Safe food & drinks during pregnancy
Try to drink 1,5 – 2,5 liters of water daily.
You can eat all variations of prepared eggs! Hard boiled, soft boiled, raw eggs in fresh mayonnaise etc. Of course you’d rather not catch the salmonella virus, however it can’t be passed on through the placenta so the baby stays safe.
You can eat all sorts of fish, also raw fish like sushi and haring. However, make sure the fish is fresh. Therefor only buy your fish at the fishmonger or sushi restaurant and eat it that same day.
FRUIT & VEGETABLES
It’s recommended to eat 200g of veggies and 2 pieces fruit a day. Vary between the sorts and wash them well
soft cheese made from pasteurised milk (all hard cheese are also safe to eat) gouda – cheddar – peccorino – manchego – parmezan cheese – etc.
Folic acid (vitamin B11) is a naturally occurring vitamin found in spinach, sprouts, broccoli, green beans and potatoes. Some breads and breakfast cereals are fortified with folic acid. Because of the substantial benefits of folic acid, some countries routinely fortify staple foods, such as wheat, corn flour or rice, with folic acid. You need a good supply of folic acid when you are pregnant to help with the development of the baby. If you take 0,4mg folic acid daily in early pregnancy you reduce the risk of having a baby born with a spinal cord problem such as spina bifida. You can buy folic acid tablets from pharmacies and drugstores.
Vitamin D is needed for growth and supplements are recommended for all pregnant women, breast-feeding women and breast-fed babies. The dose if you are pregnant or breast-feeding is 400 units (10 micrograms) daily. Some experts think that women who get little or no sunshine on their skin need a higher dose, such as 800 units (20 micrograms) daily. This is because most of the vitamin D that we get is made in the skin with the help of sunlight.
Food & drinks to avoid during pregnancy
SMOKING – ALCOHOL – DRUGS
soft unpasteurized / au lait cru cheese camembert – brie – roquefort – gorgonzola – etc. This can cause listeria which is a germ that usually doesn’t cause problems in non-pregnant people. However, pregnant women are more likely to become infected with listeria and it sometimes causes miscarriage, stillbirth or infections in the baby after birth. However not all soft cheese like camembert and brie are unpasteurized! Most of them are safe to eat. Check the packaging.

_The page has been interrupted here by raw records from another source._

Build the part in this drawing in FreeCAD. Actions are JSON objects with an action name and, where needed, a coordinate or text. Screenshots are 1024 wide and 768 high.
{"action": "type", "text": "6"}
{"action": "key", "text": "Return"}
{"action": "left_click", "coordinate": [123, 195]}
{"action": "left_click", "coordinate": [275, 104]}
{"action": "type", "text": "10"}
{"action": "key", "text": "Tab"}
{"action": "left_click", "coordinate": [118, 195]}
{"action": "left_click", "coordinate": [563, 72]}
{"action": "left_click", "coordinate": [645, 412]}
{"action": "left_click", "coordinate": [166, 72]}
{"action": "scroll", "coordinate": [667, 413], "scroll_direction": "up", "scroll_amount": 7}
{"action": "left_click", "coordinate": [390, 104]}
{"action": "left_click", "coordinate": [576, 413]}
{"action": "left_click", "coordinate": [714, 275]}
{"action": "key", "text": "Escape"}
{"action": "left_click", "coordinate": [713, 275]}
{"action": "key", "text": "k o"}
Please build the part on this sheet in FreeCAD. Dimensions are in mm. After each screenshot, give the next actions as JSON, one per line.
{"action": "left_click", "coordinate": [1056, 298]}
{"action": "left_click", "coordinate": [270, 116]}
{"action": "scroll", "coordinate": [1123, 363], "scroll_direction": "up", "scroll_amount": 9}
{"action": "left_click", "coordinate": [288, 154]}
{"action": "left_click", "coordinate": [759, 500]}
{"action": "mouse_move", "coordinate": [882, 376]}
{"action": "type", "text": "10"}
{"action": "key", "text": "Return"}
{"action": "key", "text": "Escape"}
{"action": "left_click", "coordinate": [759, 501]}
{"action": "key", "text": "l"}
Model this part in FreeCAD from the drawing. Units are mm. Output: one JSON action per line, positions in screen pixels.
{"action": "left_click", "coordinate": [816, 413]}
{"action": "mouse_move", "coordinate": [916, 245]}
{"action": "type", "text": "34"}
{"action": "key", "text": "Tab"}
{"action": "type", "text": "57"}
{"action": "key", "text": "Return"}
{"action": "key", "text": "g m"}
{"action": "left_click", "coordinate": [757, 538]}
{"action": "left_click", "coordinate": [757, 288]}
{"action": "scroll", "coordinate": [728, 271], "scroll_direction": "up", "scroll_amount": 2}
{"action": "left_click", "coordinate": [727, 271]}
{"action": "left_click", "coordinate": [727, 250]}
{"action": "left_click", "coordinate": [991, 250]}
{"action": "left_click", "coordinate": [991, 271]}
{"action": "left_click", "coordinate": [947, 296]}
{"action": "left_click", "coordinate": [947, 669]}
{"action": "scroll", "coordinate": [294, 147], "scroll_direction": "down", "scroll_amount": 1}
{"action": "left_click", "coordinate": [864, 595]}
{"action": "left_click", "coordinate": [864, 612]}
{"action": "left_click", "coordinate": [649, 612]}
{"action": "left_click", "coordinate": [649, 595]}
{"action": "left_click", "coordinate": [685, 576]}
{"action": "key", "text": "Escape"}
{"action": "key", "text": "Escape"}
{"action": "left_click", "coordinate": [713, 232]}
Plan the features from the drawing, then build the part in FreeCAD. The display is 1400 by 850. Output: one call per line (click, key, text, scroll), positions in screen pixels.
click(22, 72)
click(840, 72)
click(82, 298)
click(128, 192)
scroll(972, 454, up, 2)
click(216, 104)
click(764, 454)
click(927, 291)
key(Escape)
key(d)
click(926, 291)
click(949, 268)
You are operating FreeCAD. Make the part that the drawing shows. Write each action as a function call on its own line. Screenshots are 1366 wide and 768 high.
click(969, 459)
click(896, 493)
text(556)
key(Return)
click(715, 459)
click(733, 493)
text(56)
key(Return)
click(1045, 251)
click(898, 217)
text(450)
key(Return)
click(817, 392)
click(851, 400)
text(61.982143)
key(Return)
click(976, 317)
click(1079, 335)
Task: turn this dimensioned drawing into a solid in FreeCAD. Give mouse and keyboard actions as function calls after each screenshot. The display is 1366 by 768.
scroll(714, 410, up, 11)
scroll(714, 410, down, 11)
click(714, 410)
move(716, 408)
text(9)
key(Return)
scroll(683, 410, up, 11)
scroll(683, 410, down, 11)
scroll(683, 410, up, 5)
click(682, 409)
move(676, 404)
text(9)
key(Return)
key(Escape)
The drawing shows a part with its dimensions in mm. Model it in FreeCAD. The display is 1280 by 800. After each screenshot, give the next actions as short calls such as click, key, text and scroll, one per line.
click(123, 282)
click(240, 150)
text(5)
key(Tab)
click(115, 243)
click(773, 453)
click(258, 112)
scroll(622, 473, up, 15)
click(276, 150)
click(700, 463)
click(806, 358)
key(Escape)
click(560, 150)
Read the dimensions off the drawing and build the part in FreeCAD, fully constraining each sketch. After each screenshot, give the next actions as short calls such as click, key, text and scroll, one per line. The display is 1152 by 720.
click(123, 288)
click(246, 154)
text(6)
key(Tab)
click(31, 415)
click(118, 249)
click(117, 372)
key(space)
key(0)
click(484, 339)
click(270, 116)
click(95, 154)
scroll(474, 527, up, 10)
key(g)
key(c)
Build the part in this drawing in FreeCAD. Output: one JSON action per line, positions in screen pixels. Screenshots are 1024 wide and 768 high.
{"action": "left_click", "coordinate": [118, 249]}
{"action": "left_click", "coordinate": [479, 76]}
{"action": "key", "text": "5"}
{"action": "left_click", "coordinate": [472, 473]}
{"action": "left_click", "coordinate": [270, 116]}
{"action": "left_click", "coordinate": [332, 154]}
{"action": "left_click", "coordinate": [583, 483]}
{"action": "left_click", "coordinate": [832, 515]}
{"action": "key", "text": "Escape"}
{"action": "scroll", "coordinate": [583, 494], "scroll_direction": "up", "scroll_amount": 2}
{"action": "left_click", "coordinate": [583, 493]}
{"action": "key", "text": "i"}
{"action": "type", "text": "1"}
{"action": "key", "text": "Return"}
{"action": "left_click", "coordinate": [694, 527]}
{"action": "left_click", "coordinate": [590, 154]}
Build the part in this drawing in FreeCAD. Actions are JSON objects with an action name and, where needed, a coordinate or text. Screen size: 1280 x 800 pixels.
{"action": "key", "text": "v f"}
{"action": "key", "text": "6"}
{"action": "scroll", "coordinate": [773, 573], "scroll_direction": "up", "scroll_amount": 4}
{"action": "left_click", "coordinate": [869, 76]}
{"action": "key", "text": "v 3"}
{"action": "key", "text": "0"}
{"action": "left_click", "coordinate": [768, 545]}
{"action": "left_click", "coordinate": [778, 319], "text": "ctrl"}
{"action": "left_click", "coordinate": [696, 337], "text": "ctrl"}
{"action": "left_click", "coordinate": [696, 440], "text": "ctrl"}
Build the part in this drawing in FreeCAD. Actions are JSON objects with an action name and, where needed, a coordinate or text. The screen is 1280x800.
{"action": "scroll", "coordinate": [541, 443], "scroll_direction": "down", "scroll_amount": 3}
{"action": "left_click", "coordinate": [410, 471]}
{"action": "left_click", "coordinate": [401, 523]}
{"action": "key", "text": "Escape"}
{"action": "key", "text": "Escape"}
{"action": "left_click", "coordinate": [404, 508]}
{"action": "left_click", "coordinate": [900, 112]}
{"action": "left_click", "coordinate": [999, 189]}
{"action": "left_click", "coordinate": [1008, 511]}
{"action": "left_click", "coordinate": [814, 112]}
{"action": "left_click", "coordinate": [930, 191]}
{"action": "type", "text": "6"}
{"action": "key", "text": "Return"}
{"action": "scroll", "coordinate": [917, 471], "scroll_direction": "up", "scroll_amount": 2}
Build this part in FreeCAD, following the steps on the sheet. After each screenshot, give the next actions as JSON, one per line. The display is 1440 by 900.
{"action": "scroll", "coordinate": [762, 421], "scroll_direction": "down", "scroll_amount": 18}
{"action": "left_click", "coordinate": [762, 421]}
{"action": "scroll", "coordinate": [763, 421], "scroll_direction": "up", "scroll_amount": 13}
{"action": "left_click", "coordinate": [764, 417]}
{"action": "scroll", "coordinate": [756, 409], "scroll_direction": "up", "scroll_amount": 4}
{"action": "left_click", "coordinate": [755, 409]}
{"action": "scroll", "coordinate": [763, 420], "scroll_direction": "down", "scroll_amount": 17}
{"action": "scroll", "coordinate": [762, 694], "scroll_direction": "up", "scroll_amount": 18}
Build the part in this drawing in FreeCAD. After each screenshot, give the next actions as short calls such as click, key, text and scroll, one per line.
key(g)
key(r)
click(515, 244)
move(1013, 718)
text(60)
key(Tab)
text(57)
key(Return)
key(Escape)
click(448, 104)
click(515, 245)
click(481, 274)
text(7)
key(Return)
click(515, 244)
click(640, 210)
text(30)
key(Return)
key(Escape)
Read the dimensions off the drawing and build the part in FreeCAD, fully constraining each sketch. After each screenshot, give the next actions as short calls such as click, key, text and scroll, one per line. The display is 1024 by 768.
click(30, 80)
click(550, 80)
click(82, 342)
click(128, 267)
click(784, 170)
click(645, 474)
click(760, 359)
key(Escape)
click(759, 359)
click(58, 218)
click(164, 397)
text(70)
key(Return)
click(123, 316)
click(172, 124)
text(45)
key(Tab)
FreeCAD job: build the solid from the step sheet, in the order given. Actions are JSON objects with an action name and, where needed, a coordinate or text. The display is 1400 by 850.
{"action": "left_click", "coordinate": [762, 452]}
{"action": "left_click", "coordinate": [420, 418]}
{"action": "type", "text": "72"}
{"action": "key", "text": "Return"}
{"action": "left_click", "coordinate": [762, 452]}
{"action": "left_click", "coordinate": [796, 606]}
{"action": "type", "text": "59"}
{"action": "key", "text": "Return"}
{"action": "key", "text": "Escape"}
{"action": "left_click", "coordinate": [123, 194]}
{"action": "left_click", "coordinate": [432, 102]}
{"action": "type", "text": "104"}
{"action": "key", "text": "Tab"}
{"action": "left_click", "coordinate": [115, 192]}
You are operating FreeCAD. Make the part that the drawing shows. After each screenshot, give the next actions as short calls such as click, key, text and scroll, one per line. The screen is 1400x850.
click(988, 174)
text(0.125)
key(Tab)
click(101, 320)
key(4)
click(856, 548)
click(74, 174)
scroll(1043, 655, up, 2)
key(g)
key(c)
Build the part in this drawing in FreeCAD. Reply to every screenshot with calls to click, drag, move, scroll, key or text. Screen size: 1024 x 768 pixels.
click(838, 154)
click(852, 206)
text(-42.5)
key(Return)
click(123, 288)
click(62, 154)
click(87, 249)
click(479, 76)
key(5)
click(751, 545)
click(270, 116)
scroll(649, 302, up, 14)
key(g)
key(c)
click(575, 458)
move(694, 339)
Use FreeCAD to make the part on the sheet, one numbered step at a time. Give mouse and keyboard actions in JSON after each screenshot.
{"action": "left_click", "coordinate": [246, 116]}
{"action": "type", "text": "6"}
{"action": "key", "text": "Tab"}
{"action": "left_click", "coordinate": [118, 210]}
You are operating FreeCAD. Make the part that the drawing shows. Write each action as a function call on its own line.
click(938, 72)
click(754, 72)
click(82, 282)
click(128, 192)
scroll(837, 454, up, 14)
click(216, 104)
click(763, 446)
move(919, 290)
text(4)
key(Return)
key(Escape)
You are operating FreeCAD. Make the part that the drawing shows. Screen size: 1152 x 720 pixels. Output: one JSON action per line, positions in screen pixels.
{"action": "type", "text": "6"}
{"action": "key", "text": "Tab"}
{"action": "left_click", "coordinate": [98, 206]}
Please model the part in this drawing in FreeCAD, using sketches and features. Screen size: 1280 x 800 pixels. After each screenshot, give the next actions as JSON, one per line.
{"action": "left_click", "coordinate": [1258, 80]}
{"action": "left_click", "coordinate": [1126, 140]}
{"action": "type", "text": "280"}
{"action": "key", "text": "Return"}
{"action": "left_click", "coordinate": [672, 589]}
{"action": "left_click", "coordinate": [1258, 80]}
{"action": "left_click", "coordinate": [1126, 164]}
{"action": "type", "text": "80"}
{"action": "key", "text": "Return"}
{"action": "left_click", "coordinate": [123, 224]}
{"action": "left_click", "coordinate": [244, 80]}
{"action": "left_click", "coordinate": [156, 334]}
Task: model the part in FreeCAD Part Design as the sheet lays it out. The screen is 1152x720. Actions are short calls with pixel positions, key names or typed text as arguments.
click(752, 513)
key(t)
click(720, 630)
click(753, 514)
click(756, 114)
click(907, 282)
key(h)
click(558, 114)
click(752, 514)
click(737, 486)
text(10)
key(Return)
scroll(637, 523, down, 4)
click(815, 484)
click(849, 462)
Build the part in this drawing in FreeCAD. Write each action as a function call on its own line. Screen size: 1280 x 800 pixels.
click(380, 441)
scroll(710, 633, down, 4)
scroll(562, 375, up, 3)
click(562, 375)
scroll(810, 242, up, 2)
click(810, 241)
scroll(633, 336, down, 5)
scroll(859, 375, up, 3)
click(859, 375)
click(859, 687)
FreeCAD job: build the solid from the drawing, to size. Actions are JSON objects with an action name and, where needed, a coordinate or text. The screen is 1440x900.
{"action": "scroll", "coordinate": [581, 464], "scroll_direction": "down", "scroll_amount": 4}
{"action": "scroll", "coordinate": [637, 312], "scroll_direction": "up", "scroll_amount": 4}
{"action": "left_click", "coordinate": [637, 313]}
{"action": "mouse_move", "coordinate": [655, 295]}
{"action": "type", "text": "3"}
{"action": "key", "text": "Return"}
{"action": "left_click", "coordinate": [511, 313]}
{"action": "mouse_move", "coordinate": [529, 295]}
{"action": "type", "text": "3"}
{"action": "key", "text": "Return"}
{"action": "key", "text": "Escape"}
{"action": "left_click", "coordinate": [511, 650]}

Note: goat’s milk is often unpasteurised, and goat’s milk products such as cheeses are often made from unpasteurised milk.
Don’t take any vitamin A supplements and don’t eat too much organ meat (i.e. liver or paté). If you have a healthy diet you will get enough vitamin A. Too much vitamin A can be harmful for the baby. So, avoid liver and liver products such as liver pâté and cod liver oil supplements.
RED RAW MEAT
Avoid eating raw red meat (steak – roast beef – ossenworst – filet americain – carpaccio – steak tartare) as this can contain toxoplasmosis. This parasite can cause complications in your pregnancy. It can be found in raw meat and on the droppings of young cats. So, only eat your meat cooked properly/’well-done’ and wear gloves when working in the garden or when cleaning the cat litter.
Avoid eating prepacked or vacuumed fish raw. However properly heated, it’s safe to eat.
coffee (max 1 cup a day)
tea (with theïne)
NB: Listeria can be found in more than unpasteurized cheeses. Also be careful with:
- Undercooked meats. This may occur in some pre-cooked meats and pre-prepared meals. Make sure all meat foods are cooked until piping hot.